# Polynomial Relations

Given any two polynomials in a single variable it is always
possible to eliminate the variable and obtain a formula showing the
relationship between the two polynomials. Try this one.

Given any two polynomials in a single variable it is always possible to eliminate the variable and obtain a formula showing the relationship between the two polynomials.

Let $p(x) = x^2 + 2x$ and $q(x) = x^2 + x + 1$. Then, using a method which does not depend on knowing the answer, show that the relationship between the polynomials is:

\[ p^2 - 2pq + q^2 + 3p - 4q + 3 = 0 \]

What is $p-q$?

Good solutions to this problem were received from Tyrone of
Cyfarthfa High School in Merthyr Tydfil, and Koopa of Boston
College in the USA.

Tyrone solved the problem by relating both polynomials to
$(x+1)^2$ :

$$ \eqalign { p(x)=x^2 + 2x \Rightarrow &p
&=&(x+1)^2 - 1 \\ &p+1 &=& (x+1)^2 \\ }
$$

(1)

$$ \eqalign { q(x)=x^2 + x + 1 \Rightarrow &q
&=&(x+1)^2 - x \\ &q+x &=& (x+1)^2 \\ }
$$

(2)

$ \Rightarrow p+1=q+x $ (combining
eqns (1) and (2)).

But $x=(p+1)^{1/2}-1$ (from eqn (1)).
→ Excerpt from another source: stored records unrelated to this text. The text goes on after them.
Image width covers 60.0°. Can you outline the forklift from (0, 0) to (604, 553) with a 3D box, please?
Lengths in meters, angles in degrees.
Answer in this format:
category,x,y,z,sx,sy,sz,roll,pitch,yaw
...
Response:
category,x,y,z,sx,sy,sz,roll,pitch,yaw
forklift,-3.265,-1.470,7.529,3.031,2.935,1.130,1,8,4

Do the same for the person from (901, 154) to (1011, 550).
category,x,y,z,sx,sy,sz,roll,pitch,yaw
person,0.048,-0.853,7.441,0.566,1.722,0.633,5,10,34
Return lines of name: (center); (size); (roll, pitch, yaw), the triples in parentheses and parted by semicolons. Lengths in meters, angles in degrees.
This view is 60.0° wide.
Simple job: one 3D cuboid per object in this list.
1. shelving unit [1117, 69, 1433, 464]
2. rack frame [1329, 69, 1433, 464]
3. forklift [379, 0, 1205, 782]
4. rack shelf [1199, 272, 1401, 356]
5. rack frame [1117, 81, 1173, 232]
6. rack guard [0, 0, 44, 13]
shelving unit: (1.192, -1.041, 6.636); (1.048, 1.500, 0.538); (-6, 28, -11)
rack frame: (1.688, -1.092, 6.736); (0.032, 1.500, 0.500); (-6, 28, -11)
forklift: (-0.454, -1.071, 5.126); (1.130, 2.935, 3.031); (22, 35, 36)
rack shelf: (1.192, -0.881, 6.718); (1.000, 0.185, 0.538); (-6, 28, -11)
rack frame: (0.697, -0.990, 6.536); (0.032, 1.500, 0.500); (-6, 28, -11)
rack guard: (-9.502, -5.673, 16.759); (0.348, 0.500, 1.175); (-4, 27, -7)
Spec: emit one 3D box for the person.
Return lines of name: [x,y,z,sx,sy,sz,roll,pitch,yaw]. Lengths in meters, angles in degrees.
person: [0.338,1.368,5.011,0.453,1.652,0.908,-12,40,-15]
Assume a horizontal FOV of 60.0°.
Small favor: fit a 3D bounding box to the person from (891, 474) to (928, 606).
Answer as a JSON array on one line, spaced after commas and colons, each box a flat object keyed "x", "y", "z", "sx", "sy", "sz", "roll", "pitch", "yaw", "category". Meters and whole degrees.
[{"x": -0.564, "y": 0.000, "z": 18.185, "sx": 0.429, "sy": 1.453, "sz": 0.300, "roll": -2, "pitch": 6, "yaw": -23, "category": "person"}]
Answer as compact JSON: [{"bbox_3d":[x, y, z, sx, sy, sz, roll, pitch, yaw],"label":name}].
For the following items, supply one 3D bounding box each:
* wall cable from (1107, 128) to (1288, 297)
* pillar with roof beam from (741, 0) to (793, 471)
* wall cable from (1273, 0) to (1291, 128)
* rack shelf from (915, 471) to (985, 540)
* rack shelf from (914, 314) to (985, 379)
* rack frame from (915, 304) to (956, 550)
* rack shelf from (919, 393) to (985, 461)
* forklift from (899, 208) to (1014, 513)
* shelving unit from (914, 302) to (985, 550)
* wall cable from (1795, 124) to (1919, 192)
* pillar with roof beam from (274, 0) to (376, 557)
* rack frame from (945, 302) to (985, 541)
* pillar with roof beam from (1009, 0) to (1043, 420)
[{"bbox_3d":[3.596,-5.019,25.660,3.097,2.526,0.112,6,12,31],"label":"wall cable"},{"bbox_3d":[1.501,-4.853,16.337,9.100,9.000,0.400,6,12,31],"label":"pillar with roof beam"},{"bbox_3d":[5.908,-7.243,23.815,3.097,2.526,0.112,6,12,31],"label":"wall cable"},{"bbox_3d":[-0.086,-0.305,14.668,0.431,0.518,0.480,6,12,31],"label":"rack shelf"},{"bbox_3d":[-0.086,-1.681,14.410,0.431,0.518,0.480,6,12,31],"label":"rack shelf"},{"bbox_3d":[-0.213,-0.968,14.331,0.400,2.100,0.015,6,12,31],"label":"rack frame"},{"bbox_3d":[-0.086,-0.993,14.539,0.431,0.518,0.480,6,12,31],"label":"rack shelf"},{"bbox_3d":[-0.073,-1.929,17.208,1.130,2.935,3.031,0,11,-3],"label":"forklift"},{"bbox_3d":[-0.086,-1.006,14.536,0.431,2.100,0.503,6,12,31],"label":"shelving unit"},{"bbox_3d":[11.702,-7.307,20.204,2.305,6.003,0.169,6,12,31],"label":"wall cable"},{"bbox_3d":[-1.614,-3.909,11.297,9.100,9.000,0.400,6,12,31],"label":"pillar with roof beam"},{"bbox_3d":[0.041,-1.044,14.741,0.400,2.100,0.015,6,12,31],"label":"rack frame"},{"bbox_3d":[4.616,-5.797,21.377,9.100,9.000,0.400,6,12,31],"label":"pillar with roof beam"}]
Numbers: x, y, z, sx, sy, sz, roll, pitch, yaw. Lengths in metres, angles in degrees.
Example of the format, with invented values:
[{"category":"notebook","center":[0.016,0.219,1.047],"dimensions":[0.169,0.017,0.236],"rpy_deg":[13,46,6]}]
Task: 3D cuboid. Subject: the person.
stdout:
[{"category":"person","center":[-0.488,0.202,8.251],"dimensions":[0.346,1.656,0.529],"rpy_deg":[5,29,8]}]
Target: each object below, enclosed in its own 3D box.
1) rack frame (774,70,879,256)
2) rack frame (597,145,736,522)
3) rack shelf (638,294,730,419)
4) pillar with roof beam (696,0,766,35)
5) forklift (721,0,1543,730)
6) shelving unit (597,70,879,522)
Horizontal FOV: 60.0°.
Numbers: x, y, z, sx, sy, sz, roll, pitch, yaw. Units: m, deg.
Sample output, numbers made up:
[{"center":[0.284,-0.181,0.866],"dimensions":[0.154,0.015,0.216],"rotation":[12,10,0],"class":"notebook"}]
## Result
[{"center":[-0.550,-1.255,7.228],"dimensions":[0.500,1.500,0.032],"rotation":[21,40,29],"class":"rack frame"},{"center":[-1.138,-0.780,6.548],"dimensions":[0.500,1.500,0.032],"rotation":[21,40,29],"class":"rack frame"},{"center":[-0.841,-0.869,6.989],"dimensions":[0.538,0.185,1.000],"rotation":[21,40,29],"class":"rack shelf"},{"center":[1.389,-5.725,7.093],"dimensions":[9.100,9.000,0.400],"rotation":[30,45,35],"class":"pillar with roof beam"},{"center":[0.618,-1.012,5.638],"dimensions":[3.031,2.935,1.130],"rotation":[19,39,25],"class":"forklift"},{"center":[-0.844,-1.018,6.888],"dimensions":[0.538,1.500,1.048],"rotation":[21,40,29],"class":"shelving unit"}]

So

$$ \eqalign { \Rightarrow p+1&=&q+ ((p+1)^{1/2}-1) \\

&=&q+ (p+1)^{1/2}-1 }$$

$$ \eqalign { p-q+2&=&(p+1)^{1/2} \\

(p-q+2)^2&=&p+1}$$.

Squaring the bracket,

$$ \eqalign { &p^2-pq+2p-pq+q^2-2q+2p-2q+4=p+1 \\ &p^2 -2pq+q^2+4p-4q+4=p+1 \\ &p^2-2pq+q^2+3p-4q+3=0 } $$.

Why do this problem?

It gives practice in manipulation of polynomials.

Possible approach

An easy lesson starter!

Key question

What is $p(x)-q(x)$?

Possible
extension

Learners can make up their own probems by writing down two
polynomials in $x$ and then eliminating $x$ between the
expressions. They might be asked to make up such a problem and
exchange problems with their partner. Then they can compare and
check results in pairs.

Possible support

Try a simpler example such as: find the formula relating $p$ and $q$ where $p=x+3$ and $q=x^2$.